本発明は、粘着剤組成物及び表面保護粘着フィルムに関する。
従来から、光学デバイス、金属板、塗装した金属板、樹脂板、ガラス板等、種々の部材の表面を保護するために、フィルム状の基材と、その一方の面に積層された粘着剤層とを有する表面保護粘着フィルムが広く用いられている。表面保護粘着フィルムは、一般に、プロテクトテープ、表面保護フィルムまたは表面保護シートなどと称される場合もある。
表面保護粘着フィルムは、例えば液晶ディスプレイ用の光学部材に使用されている。光学部材には、プリズムシートや拡散フィルムなどのように、表面が凹凸形状になっているものがある。この凹凸に損傷を与えないために、光学部材の使用に先立ち、その表面(特に、凹凸の外表面)を表面保護粘着フィルムで保護している。
一般に、表面保護粘着フィルムは、長尺状の粘着フィルムをロール状に巻回した巻回体として工業的に製造されている。このような巻回体とした表面保護粘着フィルムでは、経時による巻回体の巻戻しに必要な力(展開力)の上昇が大きくなりやすいことが知られている。
しかし、実用においては、巻回体の巻戻しに必要な力(展開力)が小さいこと、すなわち巻回体の巻戻しが容易にできることが強く求められている。
また、表面保護粘着フィルムには、表面保護粘着フィルムを剥離したときに糊残りを起こさず被着体を汚染しないことが要求されている。
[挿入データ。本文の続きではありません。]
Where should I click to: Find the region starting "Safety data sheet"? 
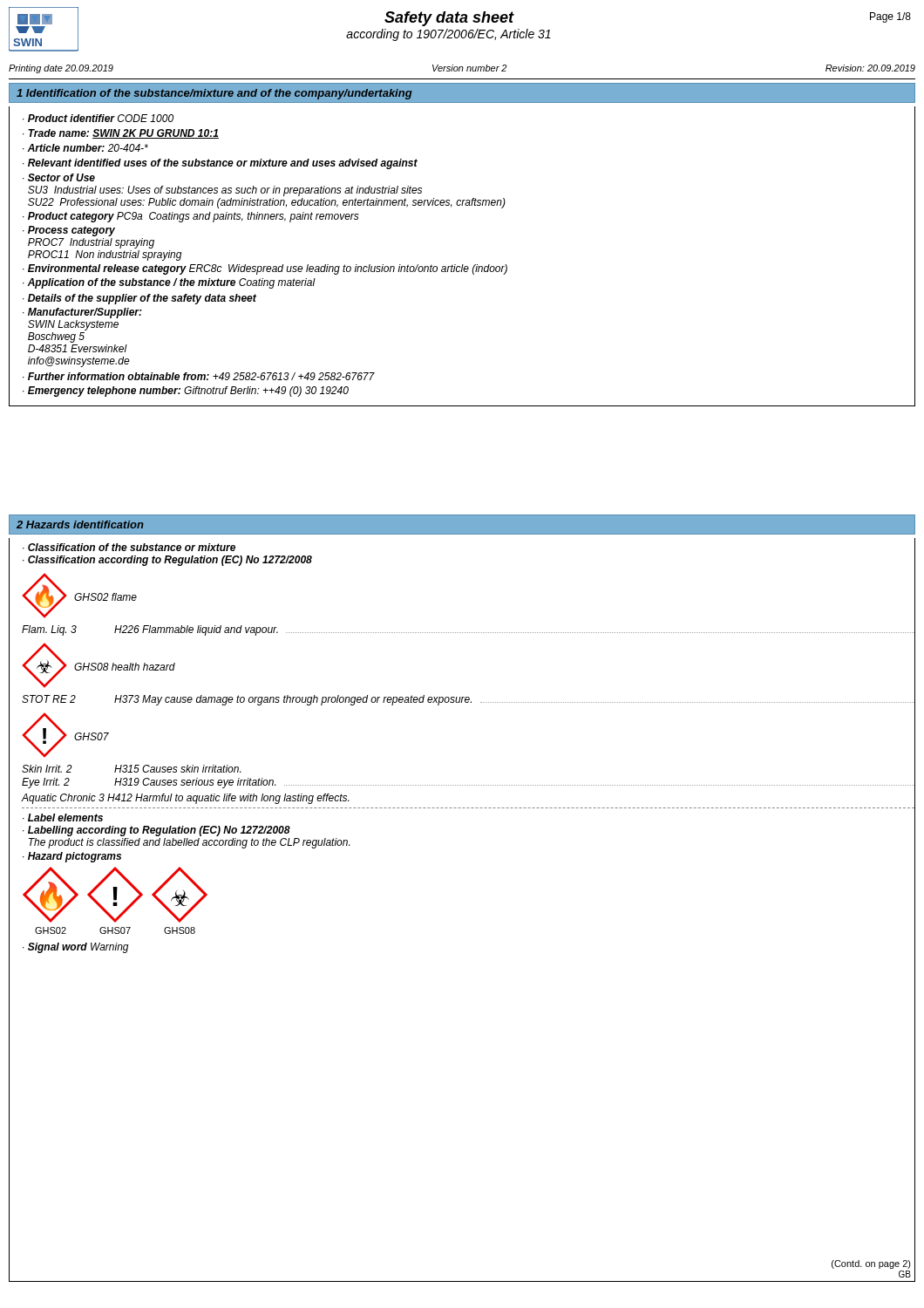tap(449, 25)

例えば、スチレン系エラストマーを主成分とする粘着剤層とオレフィン基材層とを積層させた表面保護接着フィルムが提案されている(特許文献1)。しかし、巻回体の巻き戻しを容易にする為には、汎用されるオレフィン基材層の背面(粘着剤層が積層される側とは反対側の面)に対して表面処理が必要であった。例えば、オレフィン基材層の背面に長鎖アルキル基を側鎖として有するポリマーからなる離型剤を塗布するか又はUV硬化型シリコーン離型剤を離型層として形成した表面保護接着フィルムが提案されている(特許文献2)。
ポリオレフィン基材層と、(メタ)アクリル樹脂からなる粘着剤で形成された粘着剤層と、ポリオレフィン基材層と粘着剤層との間に形成されたスチレン系樹脂からなるアンカー層と、を有する表面保護シートが提案されている(特許文献3)。
特開2001−234149号公報 特開2003−41216号公報 特開2010−018796号公報
しかし、本発明者らの検討によれば、特許文献2、特許文献3には、なお、下記の問題がある。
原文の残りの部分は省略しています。